Many of us at some time or other may have come across a requirement to specify the beneficiary owner or ultimate beneficiary of some company/société, and banks to have a Know Your Customer (KYC) requirement, it seems, to abide by corporate governance legislation. Non-charitable Trusts on the other hand are structures that seem wholly impervious, secretive and above such governance considerations. There are many valid reasons notaries and legal specialists find Trusts, which operate in Mauritius under the 2001 enacted legislation, very useful instruments for their generally wealthy clients: management of family wealth over generations, tax and succession planning, inheritance tax issues, asset protection and confidentiality for instance.
Those very features of confidentiality and secrecy are also powerful adjuncts in the marketing of the Mauritius financial jurisdiction by talented Assets Managers and other finance professionals, local or expatriate, but this aspect need not concern us unduly here. What may concern the financial and legal community, at a time when other types of structures are subject to good governance scrutiny, is whether Trusts should continue to operate under the cloak of total secrecy, without even a minimum need to register anywhere with any regulatory body. And what if there are good grounds by competent investigative agencies to believe that a trust may have been set up or may be used to hide or protect proceeds of a corrupt or an unlawful activity?
The question is not merely rhetorical for several reasons but obviously as laymen we can only suggest that legal and financial minds pore over the issues in the light of growing worldwide demands for greater transparency, less corruption and better governance.
Trusts were prime vehicles in the notorious Pandora Papers financial scams, while Russian and Ukrainian oligarchs have recently been found to have an avid appetite for trusts and their layers of complex ownership structures to hide massive amounts of luxury properties and assets suspected to have been unlawfully or criminally acquired.
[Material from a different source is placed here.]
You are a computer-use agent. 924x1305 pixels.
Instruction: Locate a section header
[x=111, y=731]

Under current local or international trust secrecy laws, authorities rarely even bother to scan or prioritise them in any investigation.
As the country painfully got out of the Financial Action Task Force/Eastern and Southern Africa Anti-Money Laundering Group (FATF/ESAMLAG) grey list and the EU blacklist, we mentioned then that those institutions, including the IMF and the EU, would be upgrading their sights to address the elephant in the room, that is, massive money-laundering generated through high-level corruption, something that took even greater prominence during the pandemic as we know.
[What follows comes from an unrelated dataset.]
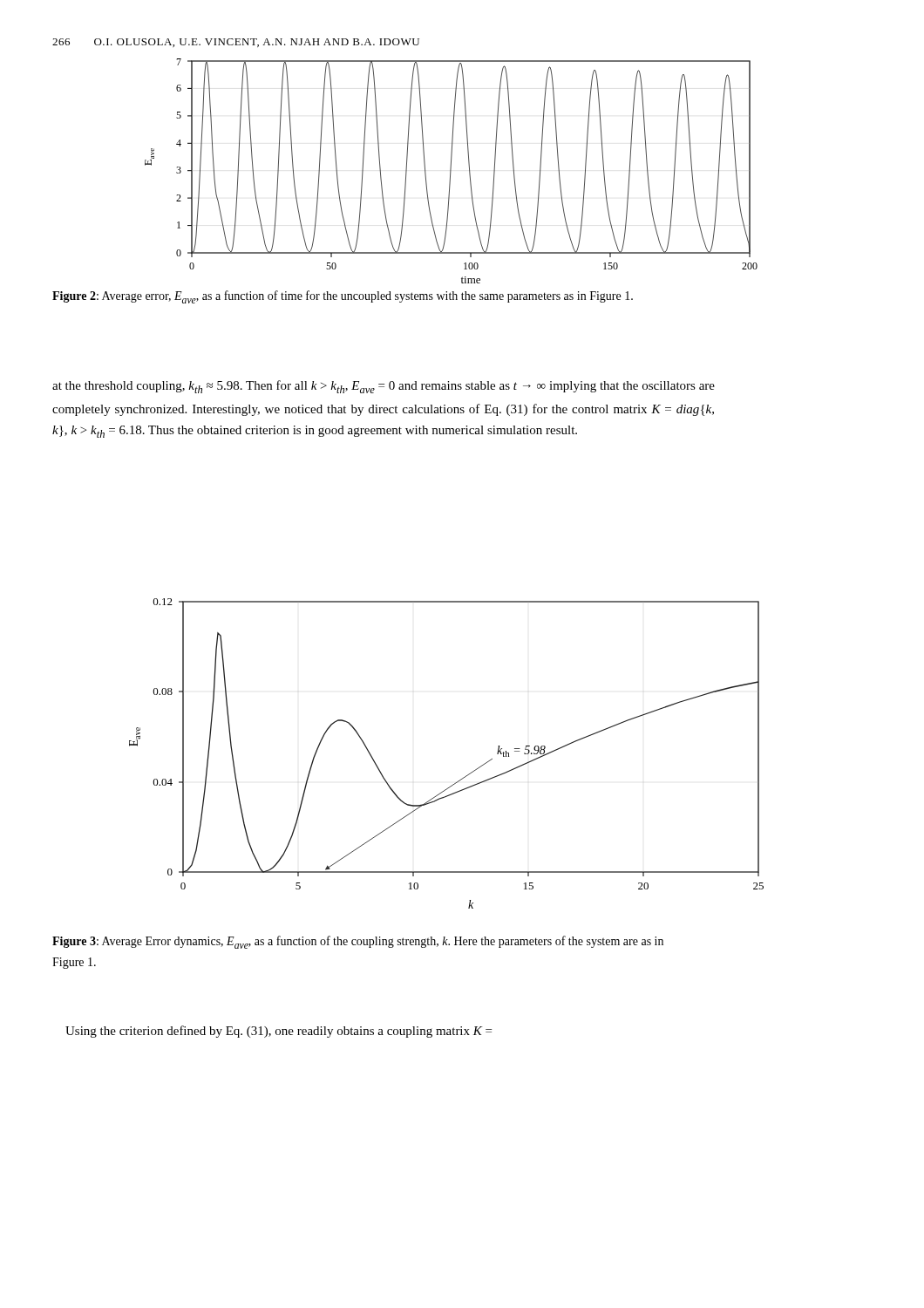Click on the passage starting "Figure 2: Average"
The width and height of the screenshot is (924, 1308).
(343, 298)

In 2022, FATF Ministers highlighted the serious impact of grand and systemic corruption on economies and societies, as well as impeding the effective implementation of the FATF Standards. Encouragingly therefore, both the FATF and the EU are now pressing for countries to apply greater transparency rules and are explicitly telling them that they need at least to set up a national register of Trusts and to record such necessary beneficiary information that would limit the scope for abusing trusts towards corruption and other financial crimes.
As we prepare for that next level, our legal/financial professionals and the concerned Ministry should have started assessing what changes might well be needed to our twenty-year-old trust legislation.